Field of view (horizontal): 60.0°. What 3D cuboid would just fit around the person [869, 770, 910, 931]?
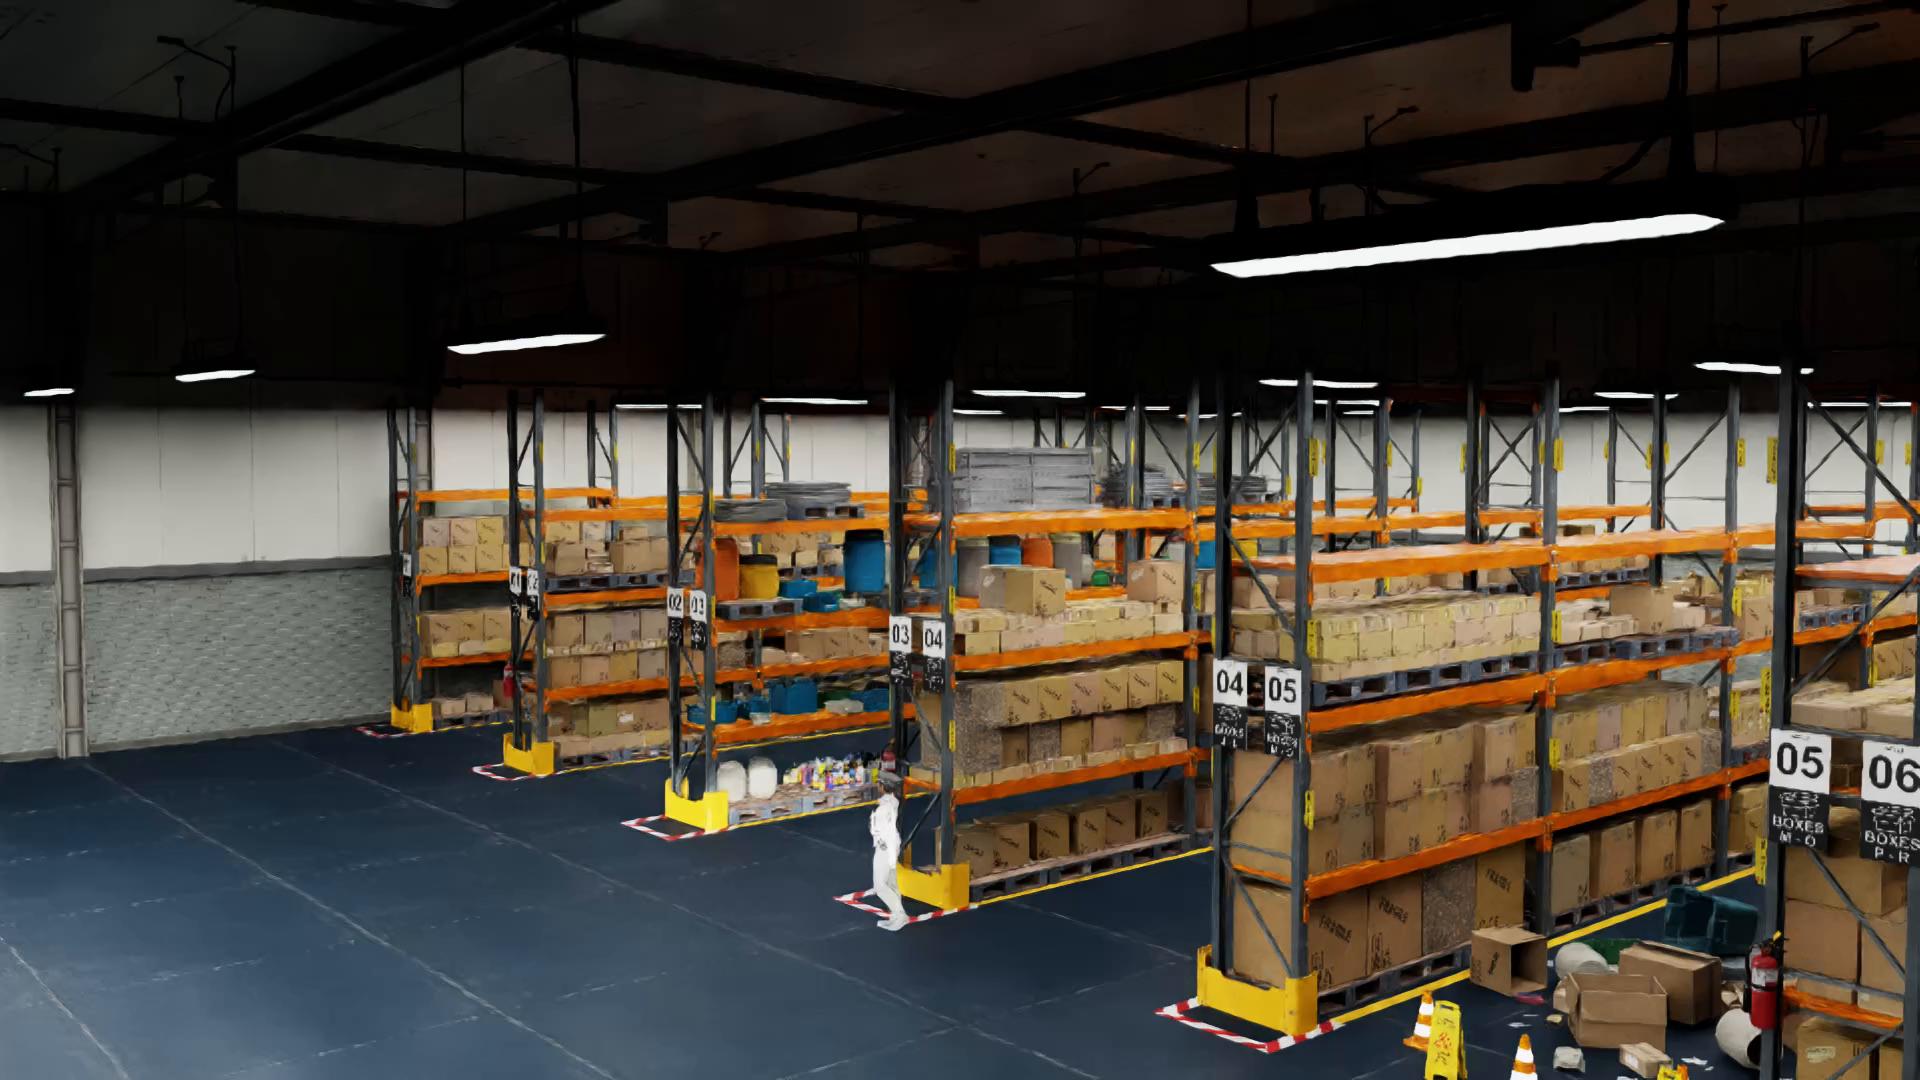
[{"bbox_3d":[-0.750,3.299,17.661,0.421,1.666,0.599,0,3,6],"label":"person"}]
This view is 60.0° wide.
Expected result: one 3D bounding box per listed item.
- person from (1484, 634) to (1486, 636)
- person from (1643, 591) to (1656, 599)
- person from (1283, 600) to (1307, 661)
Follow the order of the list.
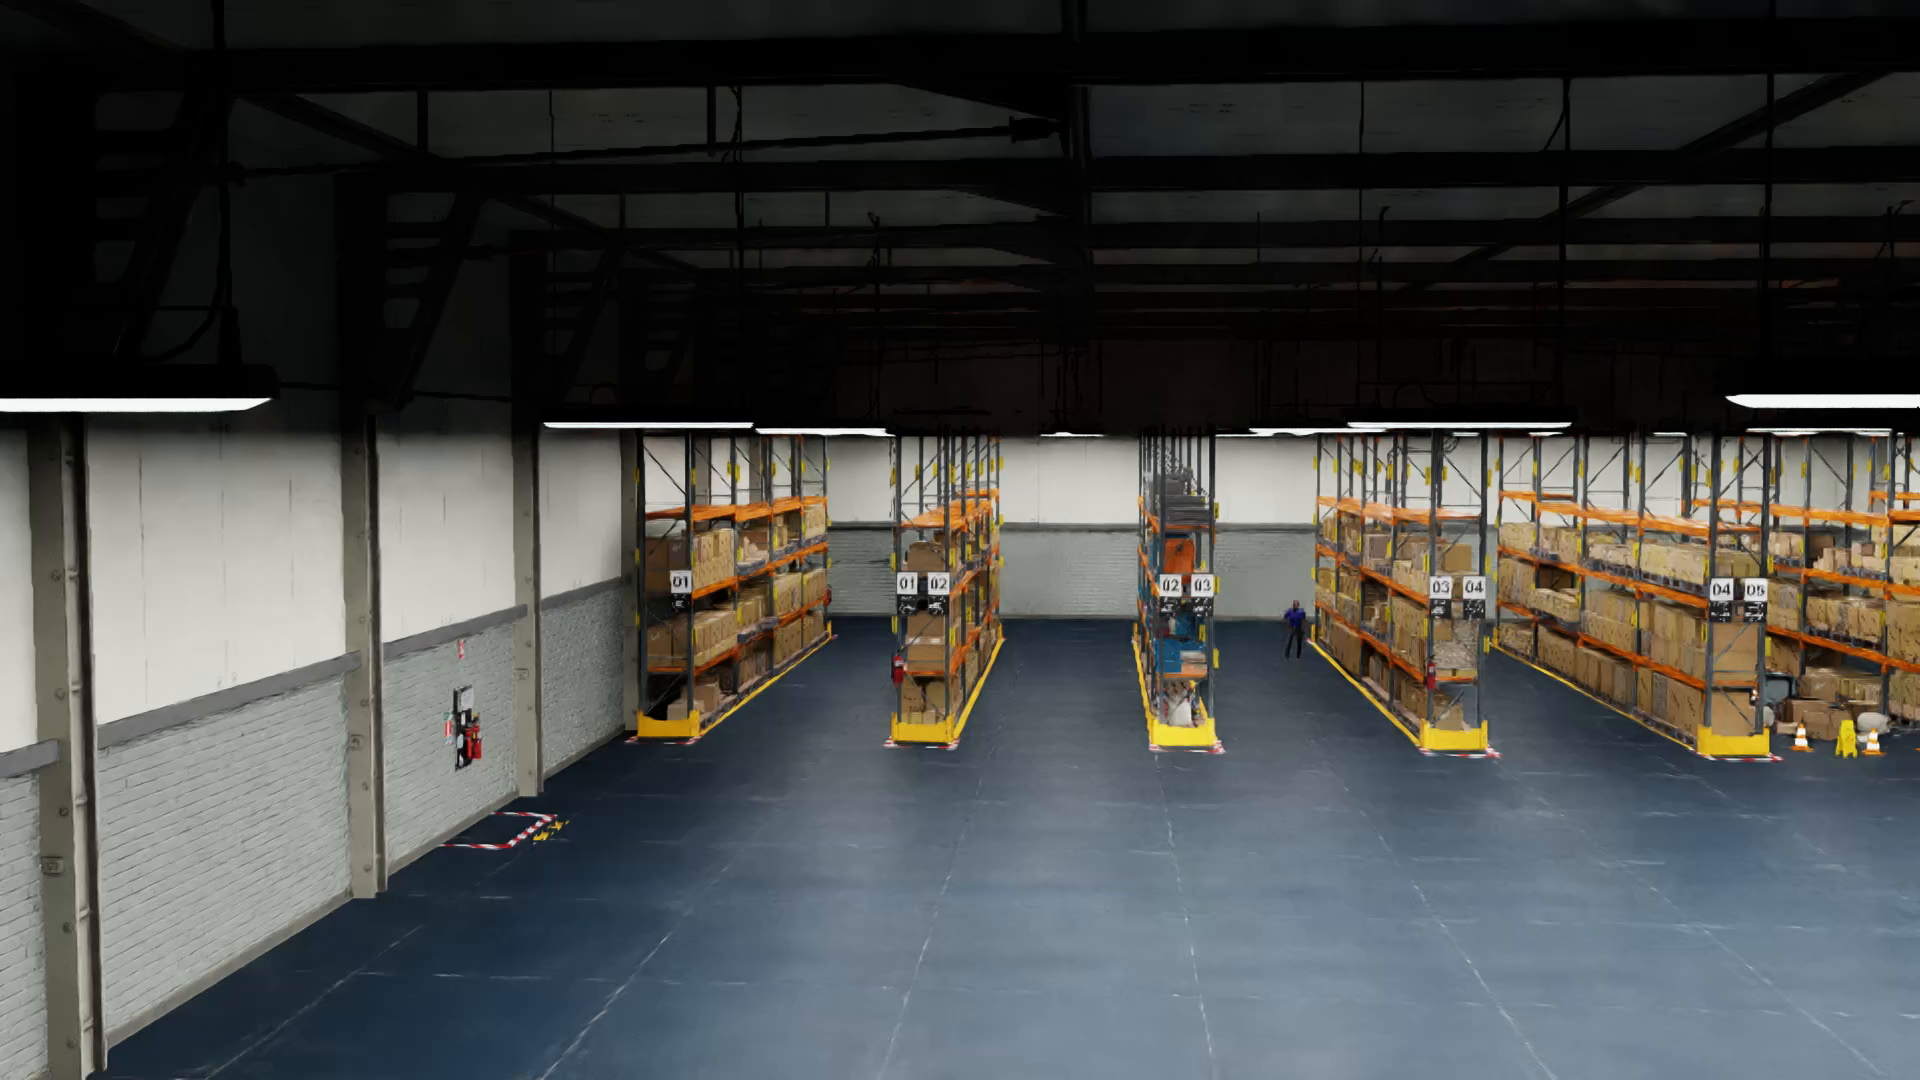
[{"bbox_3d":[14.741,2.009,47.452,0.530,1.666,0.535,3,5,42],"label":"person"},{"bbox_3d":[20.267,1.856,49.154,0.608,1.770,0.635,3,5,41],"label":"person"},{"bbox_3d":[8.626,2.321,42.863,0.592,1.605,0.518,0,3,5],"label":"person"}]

---

Work instructions —
Give back every line of the listing where the word "from" shows up.

Response to this task —
- person from (1484, 634) to (1486, 636)
- person from (1643, 591) to (1656, 599)
- person from (1283, 600) to (1307, 661)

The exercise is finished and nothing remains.